Work task:
A faithful copy of the data, pictures omitted, is the required answer.

Collected data entries:
_ _ _ _ _ _ _

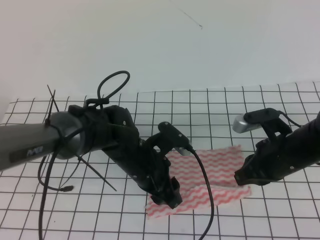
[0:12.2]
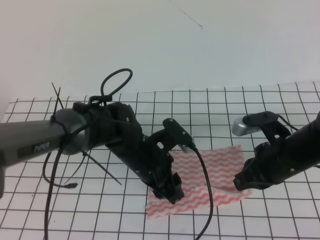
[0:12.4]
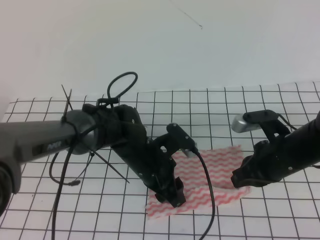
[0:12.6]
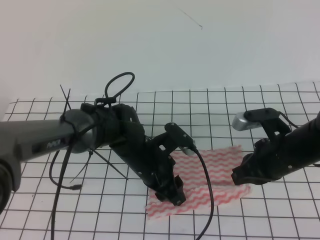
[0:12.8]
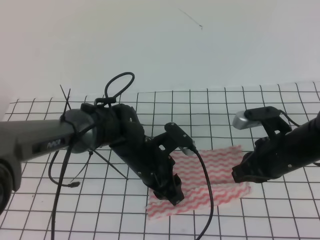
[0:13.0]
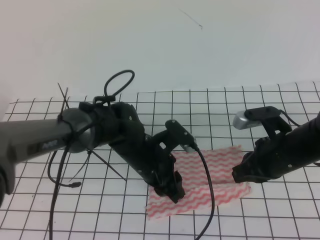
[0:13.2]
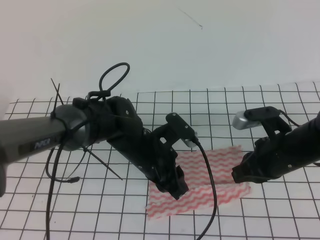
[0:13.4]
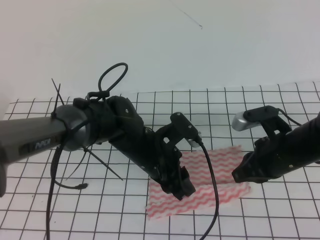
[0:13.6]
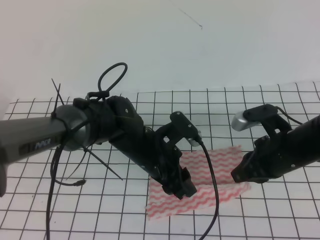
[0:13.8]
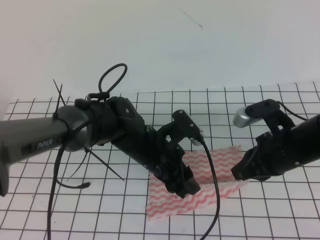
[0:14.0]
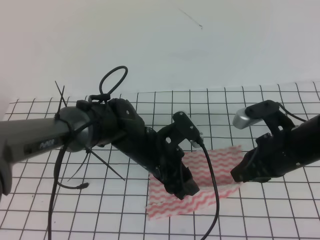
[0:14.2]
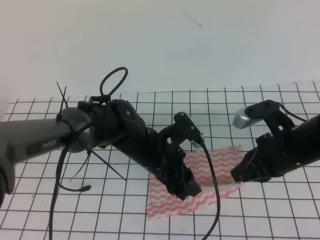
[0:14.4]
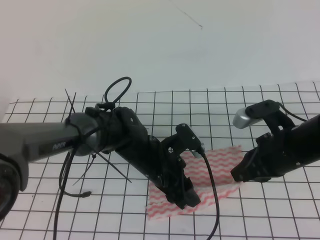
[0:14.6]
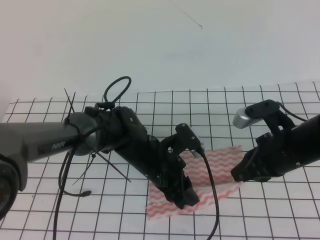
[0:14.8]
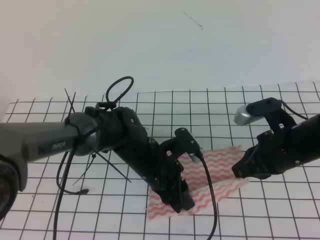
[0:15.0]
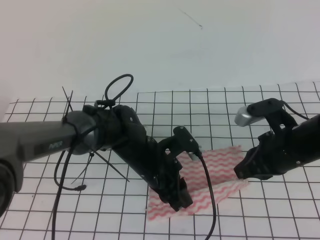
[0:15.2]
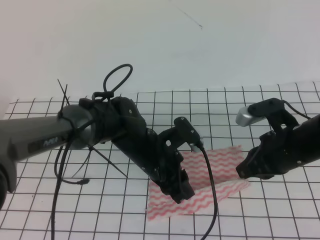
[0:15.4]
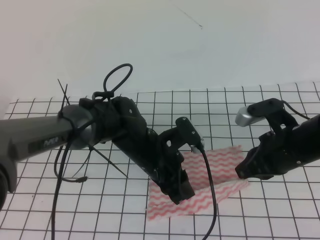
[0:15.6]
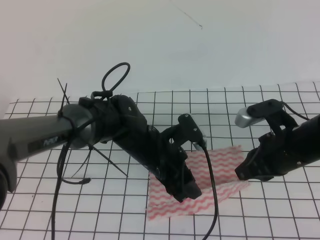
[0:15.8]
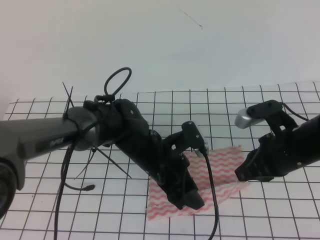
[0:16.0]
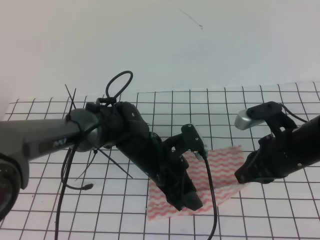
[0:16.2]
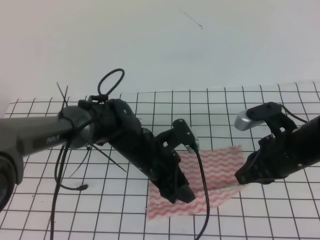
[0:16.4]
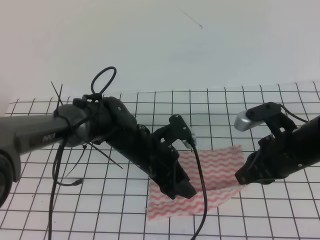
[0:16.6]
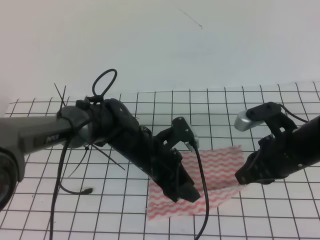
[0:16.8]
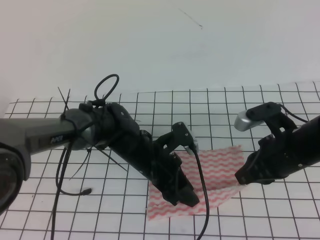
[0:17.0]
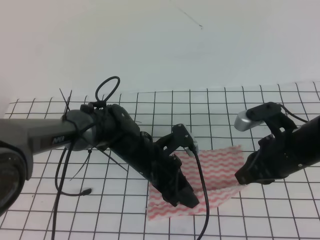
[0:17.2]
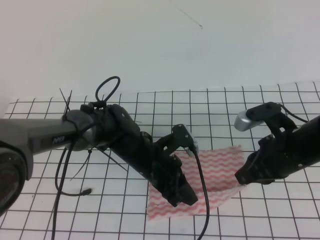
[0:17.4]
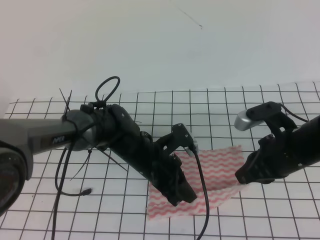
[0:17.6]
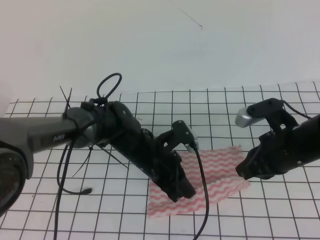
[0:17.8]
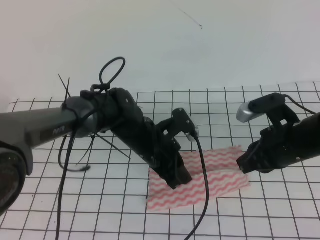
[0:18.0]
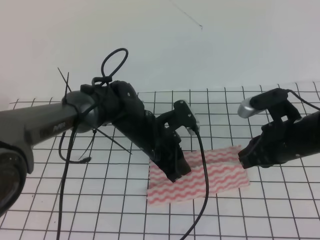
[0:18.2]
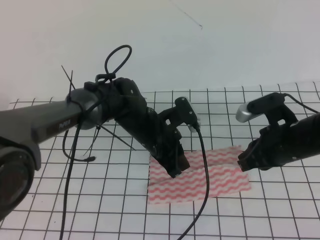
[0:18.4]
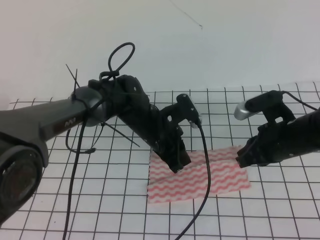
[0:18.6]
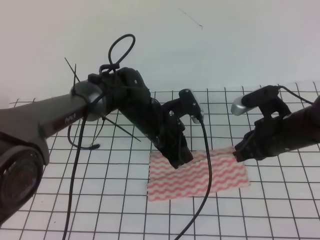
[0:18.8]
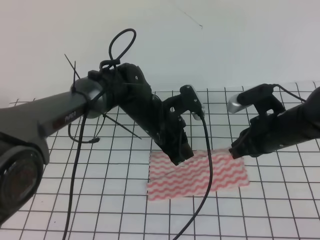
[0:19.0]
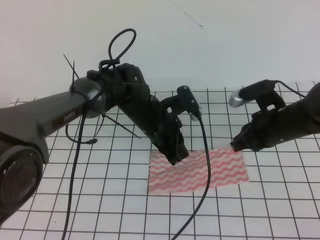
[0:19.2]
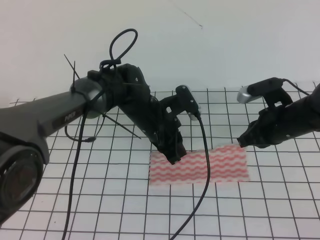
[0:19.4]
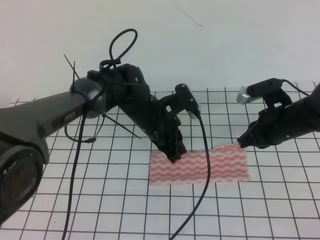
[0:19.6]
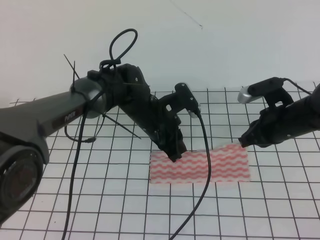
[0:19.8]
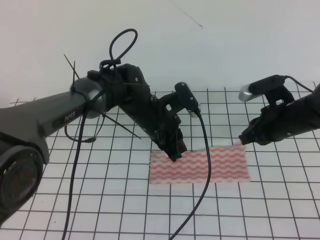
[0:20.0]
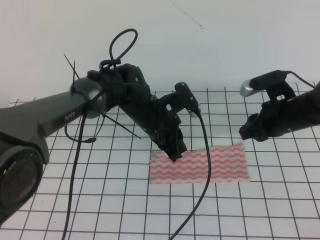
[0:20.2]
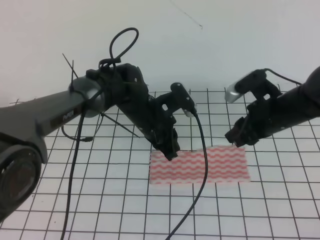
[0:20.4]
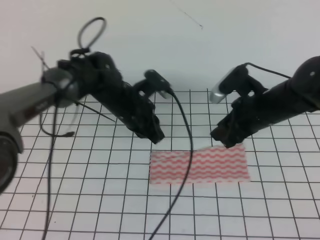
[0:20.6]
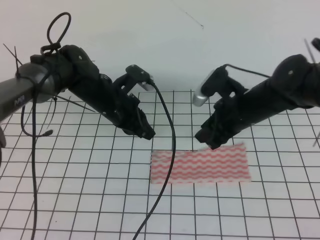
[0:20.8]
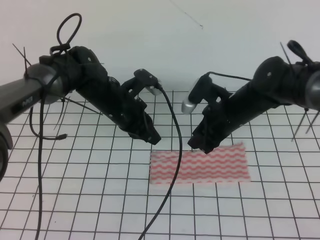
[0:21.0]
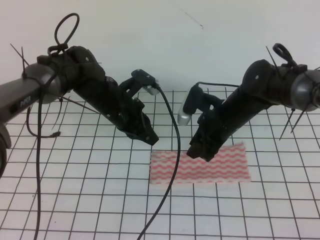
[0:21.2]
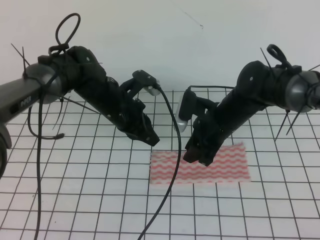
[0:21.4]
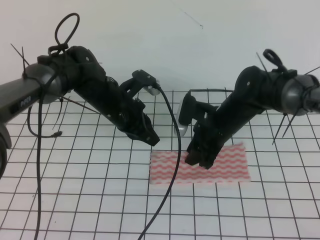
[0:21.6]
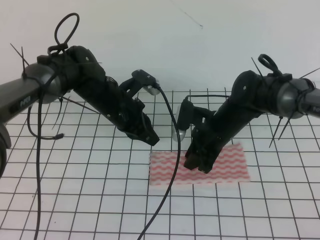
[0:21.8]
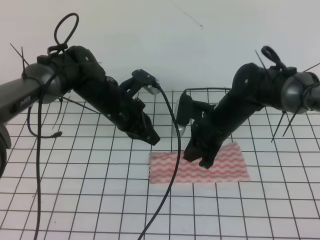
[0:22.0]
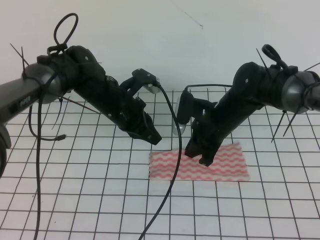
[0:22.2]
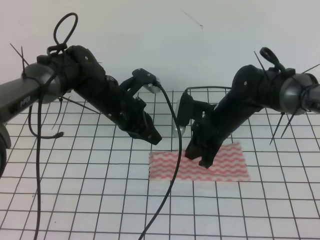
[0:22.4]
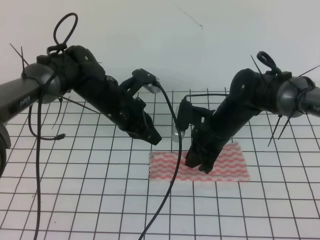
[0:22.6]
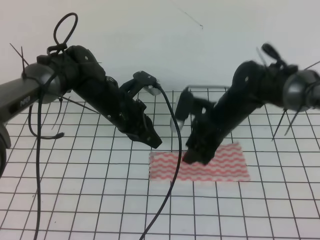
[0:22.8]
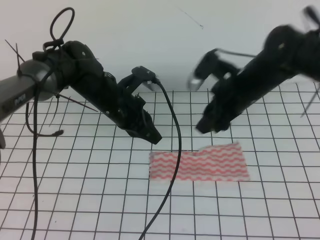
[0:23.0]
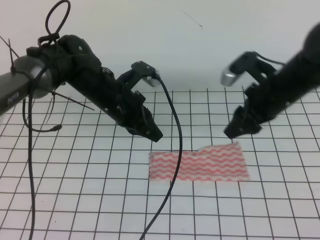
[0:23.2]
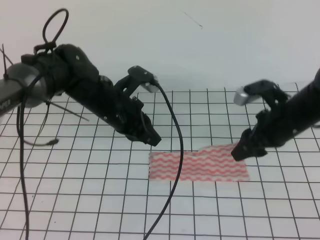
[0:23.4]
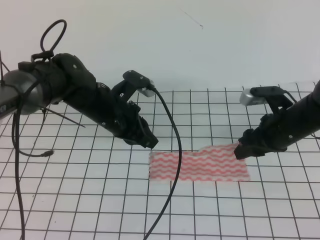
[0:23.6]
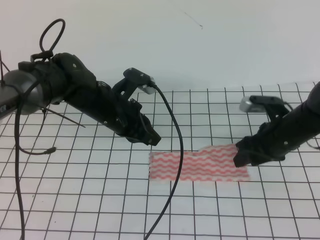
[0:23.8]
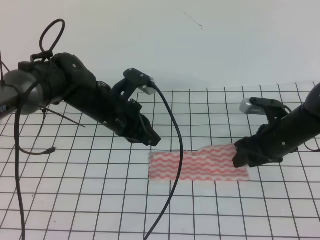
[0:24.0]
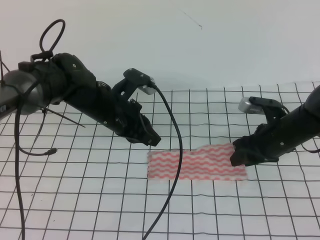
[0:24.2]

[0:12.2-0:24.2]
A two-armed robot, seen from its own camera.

_ _ _ _ _ _ _

Result of this task:
[0:12.2]
[0:12.4]
[0:12.6]
[0:12.8]
[0:13.0]
[0:13.2]
[0:13.4]
[0:13.6]
[0:13.8]
[0:14.0]
[0:14.2]
[0:14.4]
[0:14.6]
[0:14.8]
[0:15.0]
[0:15.2]
[0:15.4]
[0:15.6]
[0:15.8]
[0:16.0]
[0:16.2]
[0:16.4]
[0:16.6]
[0:16.8]
[0:17.0]
[0:17.2]
[0:17.4]
[0:17.6]
[0:17.8]
[0:18.0]
[0:18.2]
[0:18.4]
[0:18.6]
[0:18.8]
[0:19.0]
[0:19.2]
[0:19.4]
[0:19.6]
[0:19.8]
[0:20.0]
[0:20.2]
[0:20.4]
[0:20.6]
[0:20.8]
[0:21.0]
[0:21.2]
[0:21.4]
[0:21.6]
[0:21.8]
[0:22.0]
[0:22.2]
[0:22.4]
[0:22.6]
[0:22.8]
[0:23.0]
[0:23.2]
[0:23.4]
[0:23.6]
[0:23.8]
[0:24.0]
[0:24.2]

[0:12.2-0:24.2]
A two-armed robot, seen from its own camera.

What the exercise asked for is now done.